I’m working on the third story featuring the snarky Leo Persky, a.k.a. Weekly World News reporter “Terrance Strange.” WWN, for those who don’t recall, was the black and white supermarket tabloid published by the chowderheads at American Media, Inc., the folks who bring you the gossipy National Enquirer. While the stories in the Enquirer are cheesy but true (they actually do rigorous legal vetting of this tripe since lawsuits are sure to follow), WWN’s–home of Bat Boy, alien babies, and creator of Elvis-sightings–were funny but fake from page one. I speak with surety of this as both a one-time writer and former executive editor of the late, lamented rag, which closed its doors in the summer of 2007 (it was later revived as a website, under new management).

The Leo Persky stories, however, are based on the premise that everything the Weekly World News (“The world’s only reliable newspaper”) prints is true. The first story, “Man Bites Dog” appeared in Moonstone Books’ anthology Vampires: Dracula and the Undead Legions, and was reprinted in my ebook short story collection, In My Shorts: Hitler’s Bellhop and Other Stories, and the second, “Vodka Martini, Straight Up, Hold the Jinn” in R. Allen Leider’s Hellfire Lounge 3: Jinn Rummy. The third installment will run in Hellfire Lounge 4: Reflections of Evil, scheduled for publication in early 2013.

So, for your consideration, the first 750 words of…

Shunning the Frumious Bandersnatch

The first thing you’ve got to know is, Lewis Carroll didn’t make up all that stuff about what was on the other side of the looking glass.

Don’t get me wrong.

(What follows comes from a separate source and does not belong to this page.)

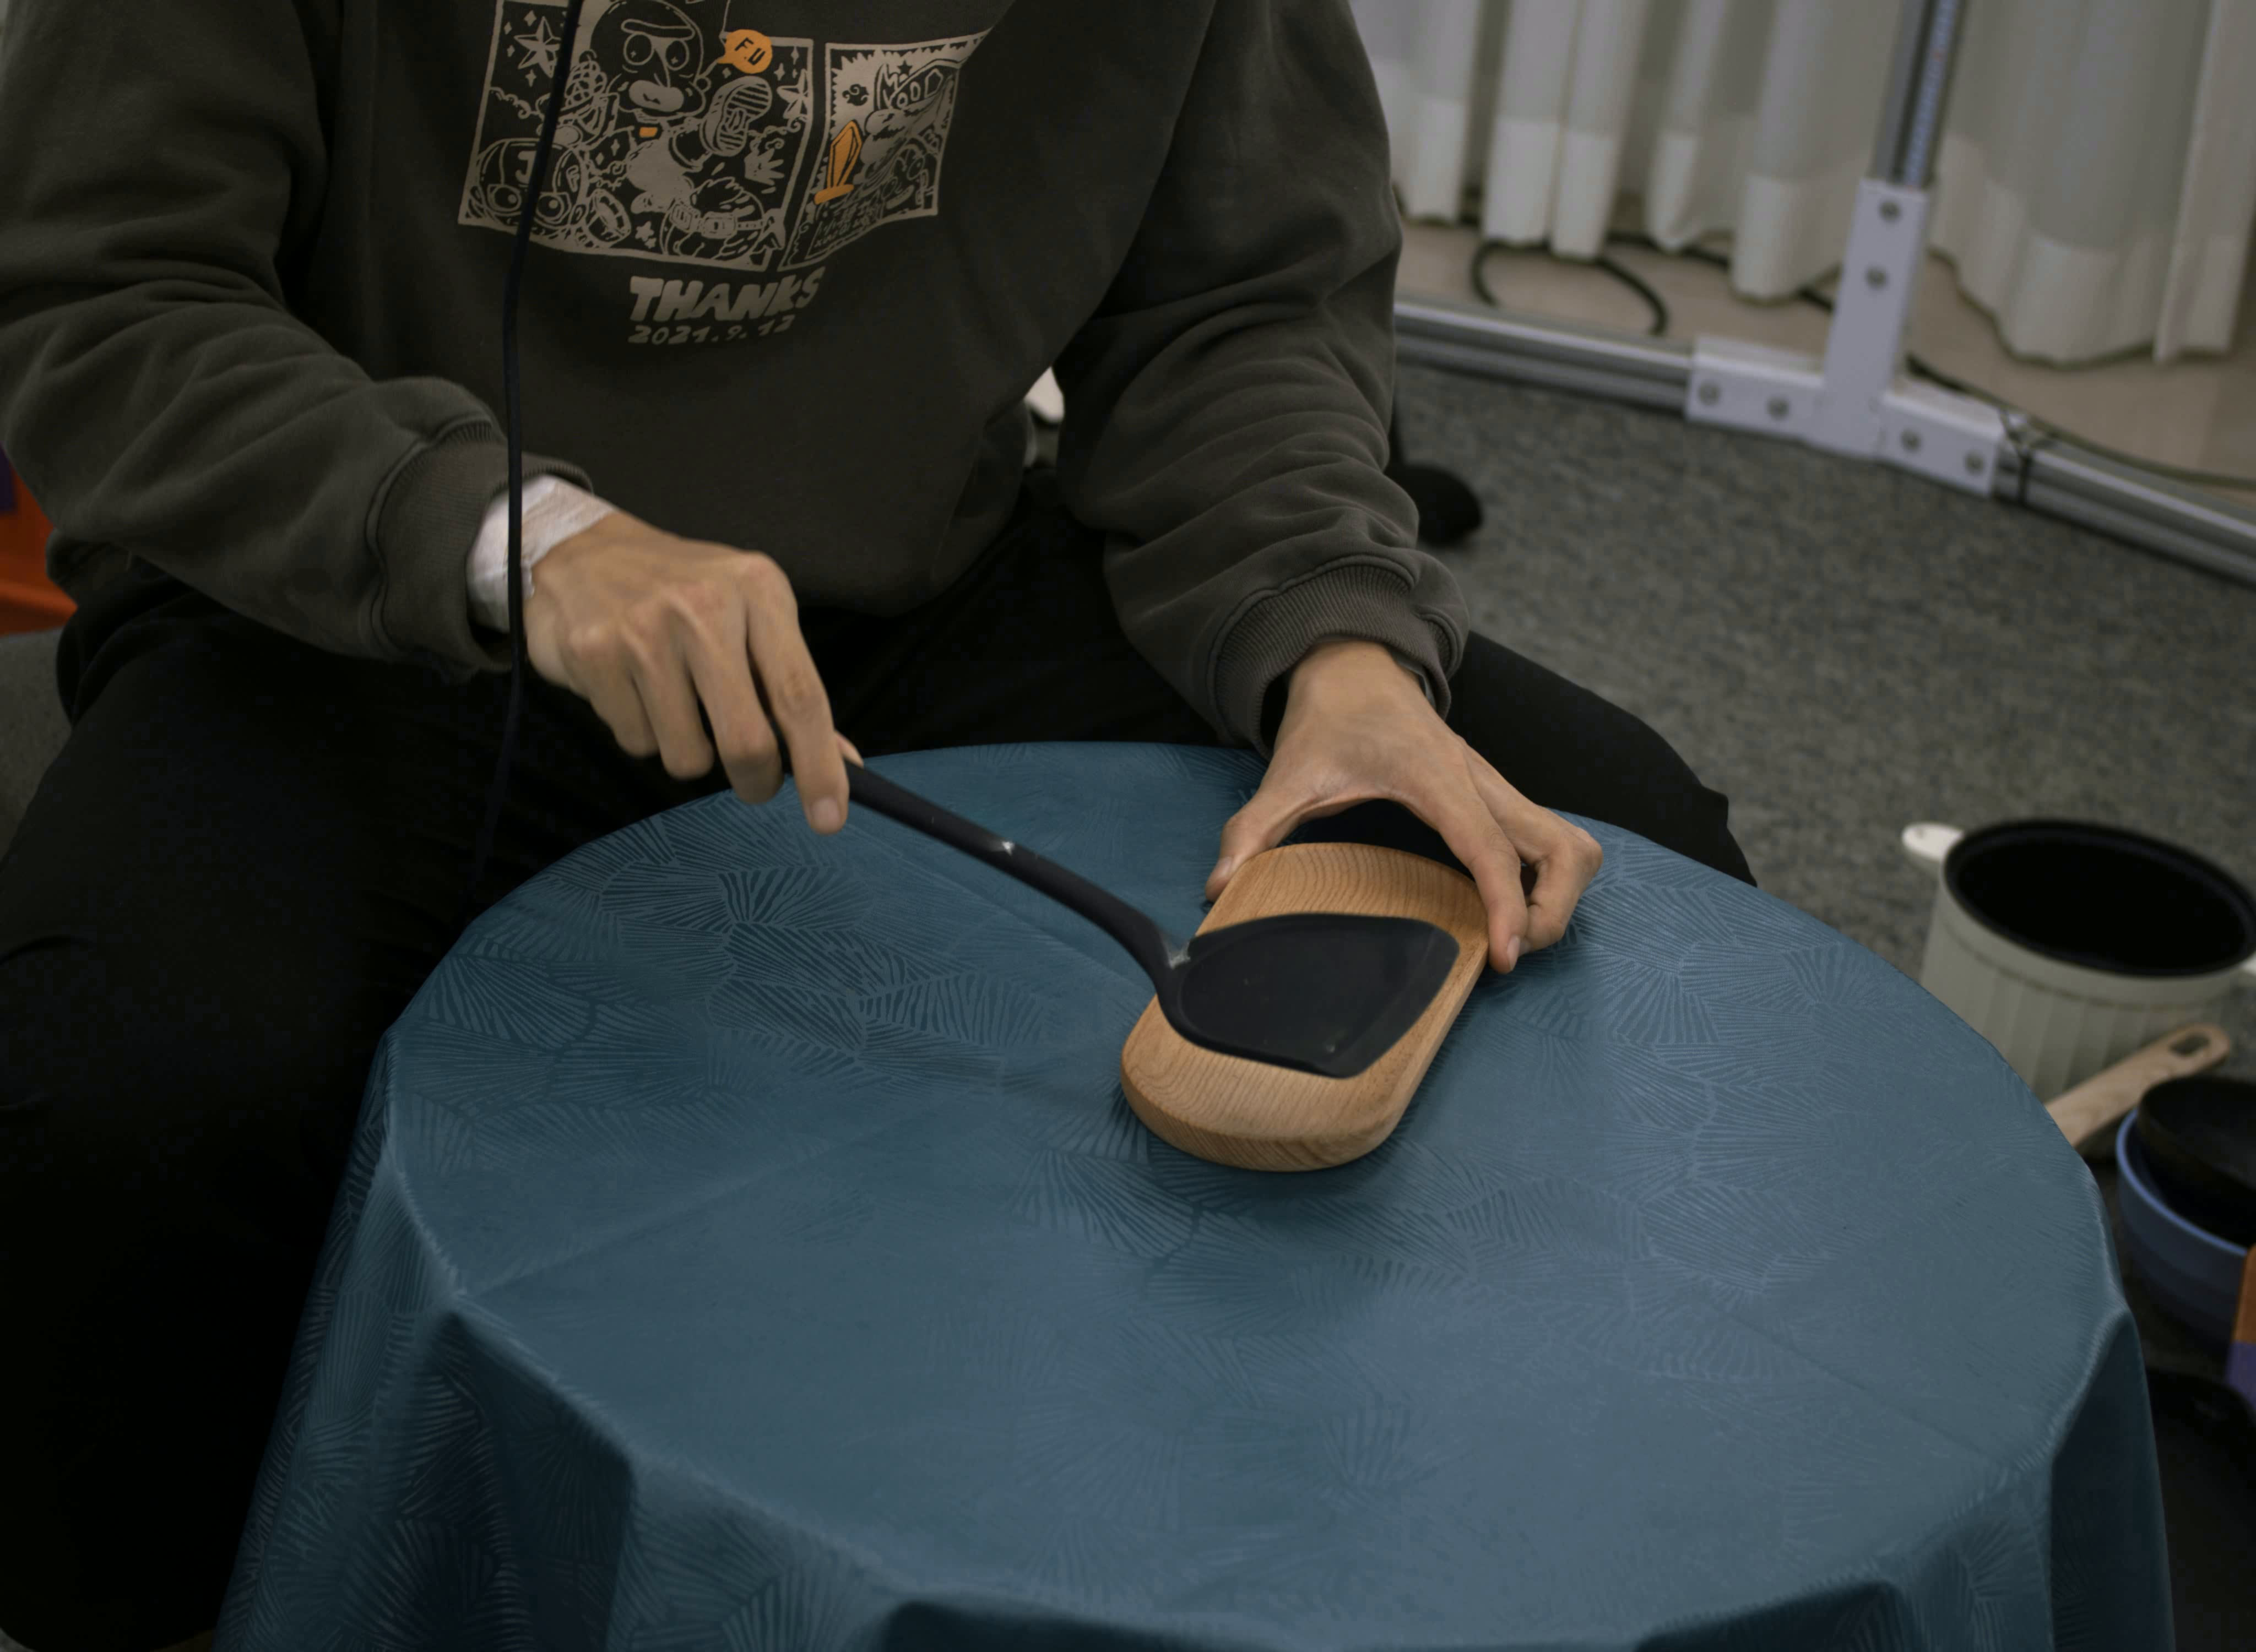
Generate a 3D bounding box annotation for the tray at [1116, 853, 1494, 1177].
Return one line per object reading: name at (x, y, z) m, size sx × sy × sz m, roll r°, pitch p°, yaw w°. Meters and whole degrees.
tray at (0.065, 0.066, 1.916) m, size 0.102 × 0.020 × 0.231 m, roll 12°, pitch 28°, yaw 14°

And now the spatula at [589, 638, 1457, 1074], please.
spatula at (-0.046, 0.000, 1.834) m, size 0.327 × 0.040 × 0.100 m, roll 28°, pitch 38°, yaw 14°

Most mirrors are just that: reflective surfaces we use to gawk at own mugs, comb our hair, or check for residual spinach in our teeth. Break the average mirror and the worst you’ll wind up with is a broken mirror, unless you happen to walk across the broken glass in your bare feet. The whole seven years of bad luck bubbemeisier has more to do with old timey superstition than reality–the reflection therein was once believed to represent the soul, therefore bad luck of the seven year variety (the number seven being to old timey superstition what thirteen is to us nowadays) for damaging said soul in the breaking of the mirror. The Romans believed that life renewed itself on a seven year cycle, so if you busted a mirror and did the aforementioned damage on a soulular level, things didn’t get back to normal until the next seven-year cycle had passed. But the olden days had a lot of weird ideas about the soul and the wacky little things that affected it that we still carry around in these modern, enlightened times. I mean, we know that sneezing is caused by inflammation or irritation of the nasal membranes and doesn’t result in bits of our soul escaping through our noses, but we continue to say “God bless you” to sneezers anyway.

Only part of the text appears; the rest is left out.